I am using Visual Studio Community 2017, Version 15.5.6.

This shows that my assumption seems to be correct.

Exact exception: Unhandled exception at 0x76EECBB2 in RegTest.exe: Microsoft C++ exception: std::regex_error at memory location 0x00454FF8.

Brotcrunsher
  • 1,964
  • 10
  • 32
  • That seems to be a bug in the implementation of `std::regex_search`, assuming your code doesn't do anything stupid. Contact the vector for a fix. – Ulrich Eckhardt Mar 07 '18 at 09:28
  • 1
    It must be due to the tempered greedy token, try `LR"(^(?!.*(?:latex|math).*stackexchange\.com)stackexchange\.com)"` – Wiktor Stribiżew Mar 07 '18 at 09:28
  • @UlrichEckhardt I made a little test case which only runs the code above, so its certainly nothing "stupid" in the rest of my code. What do you mean by "Contact the vector for a fix"? Do you mean the dev team of visual studio? – Brotcrunsher Mar 07 '18 at 09:32
  • Yes, the vendor would be Microsoft, assuming you use their compiler and standard library. – Ulrich Eckhardt Mar 07 '18 at 09:34
  • 3
    *"Unfortunately, the Exception isn't really helpful."* - Maybe not to you, But if you keep it private, those who might make more of it won't have a chance to help you out. At any rate, an exception originating in KernelBase is a C exception (SEH), which is in the vast majority of cases a symptom of undefined behavior. Please show a [mcve]. Please also include the version of the compiler. – IInspectable Mar 07 '18 at 09:40
  • Also, you can try running the code with Release mode. In Debug mode, some additional work is done in the background that causes similar issues. – Wiktor Stribiżew Mar 07 '18 at 09:41
  • @IInspectable: In this case, it's most likely not Undefined Behavior. It's hitting an implementation limit in Visual Studio's implementation of of `std::regex_search`. – MSalters Mar 07 '18 at 10:50
  • The addresses are meaningless (other than being able to determine, that you are running a 32-bit process).
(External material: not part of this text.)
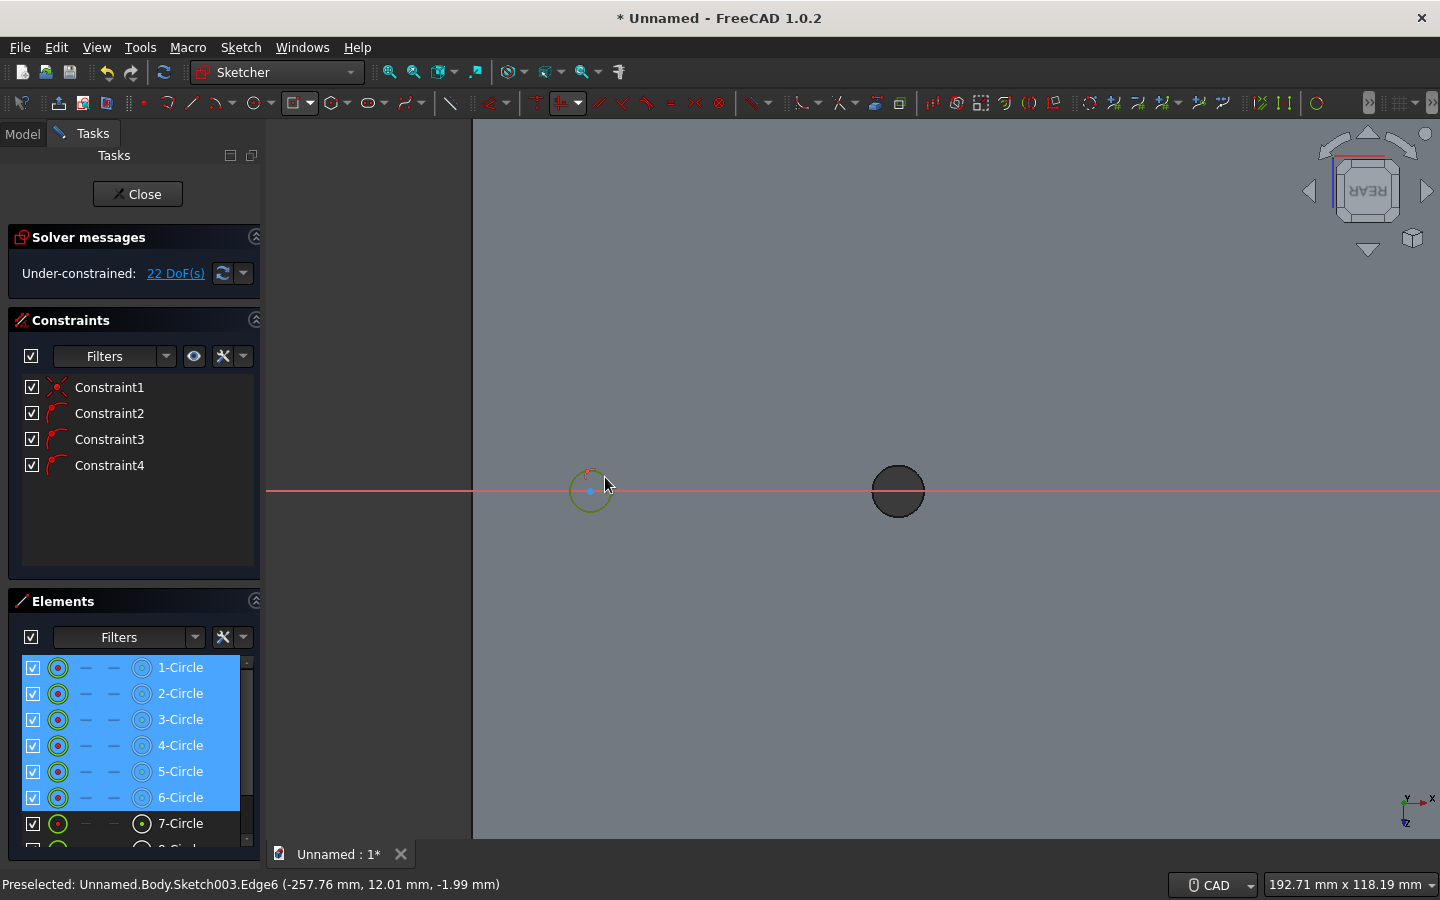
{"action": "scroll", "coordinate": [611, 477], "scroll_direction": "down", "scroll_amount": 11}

Please post the exception **code**. And if at all possible, do change your Visual Studio's language to English. That makes both discovering this question easier as well as allowing you to receive better search results yourself. @MSalters: Maybe, maybe not. Since we don't have a [mcve], all that's left is guessing and speculation. Hardly the modus operandi that Stack Overflow embraces. – IInspectable Mar 07 '18 at 11:03
  • If you `catch` the `std::regex_error` that is being thrown, what does its `what()` and `code()` functions say? – zenzelezz Mar 07 '18 at 11:06
  • @UlrichEckhardt _"Contact the [vendor] for a fix"_ Hahahahaha, good one ;) – Lightness Races in Orbit Mar 07 '18 at 11:17
  • 1
    _"After all 498 chars aren't that much if you think about searching a file or the source code of a website using regexes"_ But you wouldn't use regexes to search the source code of a website, [right](https://stackoverflow.com/a/1732454/560648)? – Lightness Races in Orbit Mar 07 '18 at 11:19
  • @zenzelezz: You cannot catch C exceptions with a C++ `catch`-clause. And since the exception originated in C code, is reported as unhandled, it stands to reason, that it wasn't converted to a C++ exception. – IInspectable Mar 07 '18 at 11:48
  • @IInspectable Where does it say it originated in C code? – zenzelezz Mar 07 '18 at 11:52
  • @IInspectable I provided additional informations. Thanks for pointing that out! – Brotcrunsher Mar 07 '18 at 11:54
  • @zenzelezz; *"It says the exception occurred in KernelBase.dll!76eecbb2()."* KernelBase.dll is written in C. With the newly provided information, it appears, though, that the exception is indeed converted to a C++ exception. The call stack would help verify that. – IInspectable Mar 07 '18 at 11:58
  • There is no such thing as "C exceptions" guys. – Lightness Races in Orbit Mar 07 '18 at 12:09
  • 2
    @Lightness: The vendor of the software seems to [disagree with you](https://learn.microsoft.com/en-us/cpp/cpp/mixing-c-structured-and-cpp-exceptions). The term *"exception"* is far more generic, than a C++ context would have you believe. – IInspectable Mar 07 '18 at 12:23
  • The boost equivalent does not have the same issue. I just tested it with 7000 chars and it works perfectly well. – Brotcrunsher Mar 07 '18 at 13:43
  • What's so funny about contacting MS with bugreports, @LightnessRacesinOrbit? They do have a bugtracker, that's reasonably public (I think it requires registration) and if you paid them money, you are entitled to that support, at least under some jurisdictions. – Ulrich Eckhardt Mar 08 '18 at 08:51
  • 1
    @UlrichEckhardt: Have you ever observed such a report resulting in a fix? – Lightness Races in Orbit Mar 08 '18 at 10:46
  • @Lightness: I have. Many times, actually. Occasionally, you'll get a reply, that an issue will not get fixed, for one reason or another. But you still get a reply. Always. – IInspectable Mar 09 '18 at 18:08

1 Answers1

0

The problem here is that the Standard does not specify an implementation of std::regex_search.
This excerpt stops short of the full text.